Tak lama, Entis pun membawa pulang tas tersebut dan ditunjukkan pada sang ibu. “Temuan uang tersebut saya ceritakan ke ibu, saya bilang kita bisa beli rumah, mobil dan lain-lain. Ini uang banyak sekali, mobil Carry yang bagus waktu itu harganya Rp 14 juta,” kata Entis Geneng saat bertutur di kediamannya, di Fribourg, Swiss yang dikutip dari News.koranbernas.id


Karena disebutkan bisa digunakan untuk membeli mobil, sang ibu menasehatinya jika terjadi apa-apa (kecelakaan) dengan mobil tersebut, malah jadi masalah yang menakutkan keluarganya. “Kalau nanti nyetir terus terjadi sesuatu malah bablas (Kecelakaan-red), piye (bagaimana) malah medeni (mengerikan),”ujar Iyem sang ibu.

Akhirnya, Entispun mengembalikan uang tersebut ke pemiliknya – yang ternyata berasal Swiss bernama barks Morandi dan sang istri yang menginap di hotel Elang, setelah mencari dan bertanya ke sana kemari. Usai mengembalikan uang, Entis tak mendapatkan ‘hadiah’ apa pun sebagai balas jasa atas kejujurannya tersebut.

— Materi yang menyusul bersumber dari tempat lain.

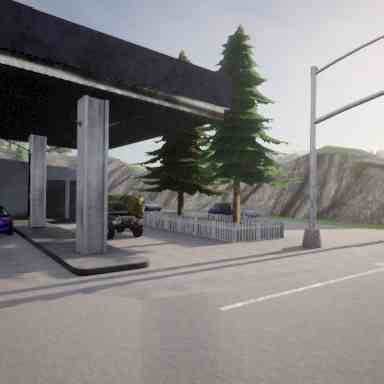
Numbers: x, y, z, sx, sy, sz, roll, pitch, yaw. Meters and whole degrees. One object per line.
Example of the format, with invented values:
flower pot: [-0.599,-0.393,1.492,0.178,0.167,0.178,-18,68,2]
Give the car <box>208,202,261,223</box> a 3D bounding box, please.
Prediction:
car: [3.320,1.610,26.567,2.097,1.767,4.553,1,0,-35]

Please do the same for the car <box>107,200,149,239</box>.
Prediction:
car: [-4.296,1.455,18.366,1.905,1.878,3.866,1,0,-35]

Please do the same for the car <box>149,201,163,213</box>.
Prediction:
car: [-5.409,1.704,39.195,2.033,1.411,5.357,1,0,-35]

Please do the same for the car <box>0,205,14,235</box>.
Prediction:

Yang ada, malah sepedanya yang hilang karena tak digembok saat diparkir di areal hotel. Ibarat pepatah, “sudah jatuh tertimpa tangga”, Entis menerima nasibnya kala itu dengan besar hati. “Ya sudah mau apalagi, pulang jalan kaki. Semua saya ceritakan ke orang tua, ya bagaimana lagi,” kata Entis Geneng yang dikutip dari News.koranbernas.id

Namun tak lama kemudian, pasangan suami istri itu kembali menemui Entis lewat alamat KTP yang difotonya saat ia mengembalikan uang tersebut. Keduanya langsung menuju Yogyakarta usai bepergian dari Bali. Oleh mereka, sosok Entis dinilai spesial karena kejujurannya yang luar biasa tersebut. Pada tahun 1992 pula, tukang ojek sepeda jujur itu akhirnya diajak ke Swiss sebagai ungkapan rasa terimakasih mereka. 

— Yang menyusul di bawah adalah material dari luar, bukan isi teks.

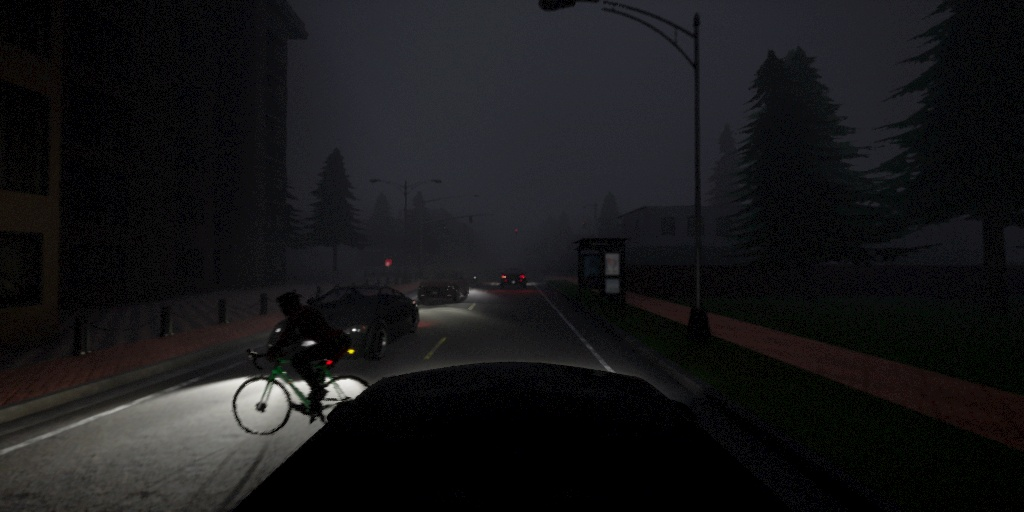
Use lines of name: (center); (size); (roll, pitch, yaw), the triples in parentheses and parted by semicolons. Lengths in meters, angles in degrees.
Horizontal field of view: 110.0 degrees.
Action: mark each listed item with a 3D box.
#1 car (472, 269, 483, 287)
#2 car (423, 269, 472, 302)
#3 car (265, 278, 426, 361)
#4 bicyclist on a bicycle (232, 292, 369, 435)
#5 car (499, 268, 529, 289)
car: (-3.402, 1.690, 28.239); (1.895, 1.301, 4.718); (0, -1, 0)
car: (-3.471, 1.445, 18.777); (1.882, 1.535, 5.008); (0, -1, 1)
car: (-3.574, 1.397, 8.367); (1.994, 1.385, 4.181); (0, -1, 0)
bicyclist on a bicycle: (-2.361, 1.233, 4.068); (1.656, 1.620, 0.582); (-1, -1, 0)
car: (0.120, 1.592, 26.421); (1.812, 1.442, 4.674); (0, -1, 1)

Selama berada di Swiss, Entis diajari cara bercocok tanam karena Barks Morandi dan istrinya ternyata seorang petani. Tiga tahun berlalu dihabiskan oleh Entis dengan bertani. Ia pun sudah dianggap sebagai anak sendiri oleh pasangan suami istri asal Swiss tersebut. Sayang, kehangatan tersebut tak lama terjalin lantaran orang tua angkatnya itu meninggal dunia karena penyakit gula.
Sebelum meninggal dunia, Barks Morandi dan sang istri mewasiatkan agar seluruh harta dan kekayaanya diwariskan pada Entis. Di ujung kehidupannya itu, pasangan suami istri itu masih mengingat akan kejujuran Entis di masa lalu. Sebuah sikap yang berhasil meluluhkan hati mereka. Akhirnya setelah enam bulan kedua orang tuanya wafat, seluruh harta kekayaan yang ditinggalkan menjadi milik Entis. 

Menjalani kehidupan di Swiss, Entis menjalani usaha sebagai distributor kopi untuk cafe-cafe yang berada di sana. Bahkan saat pulang ke Yogyakarta, ia tak lupa dengan rekan-rekannya sesama tukang ojek sepeda dan kerap ikut ‘narik’ bersama mereka. Entis pun dianggap sebagai sosok yang menginisiasi Persatuan Perkumpulan Pengemudi Becak Prawirotaman (P2BP) di Yogyakarta.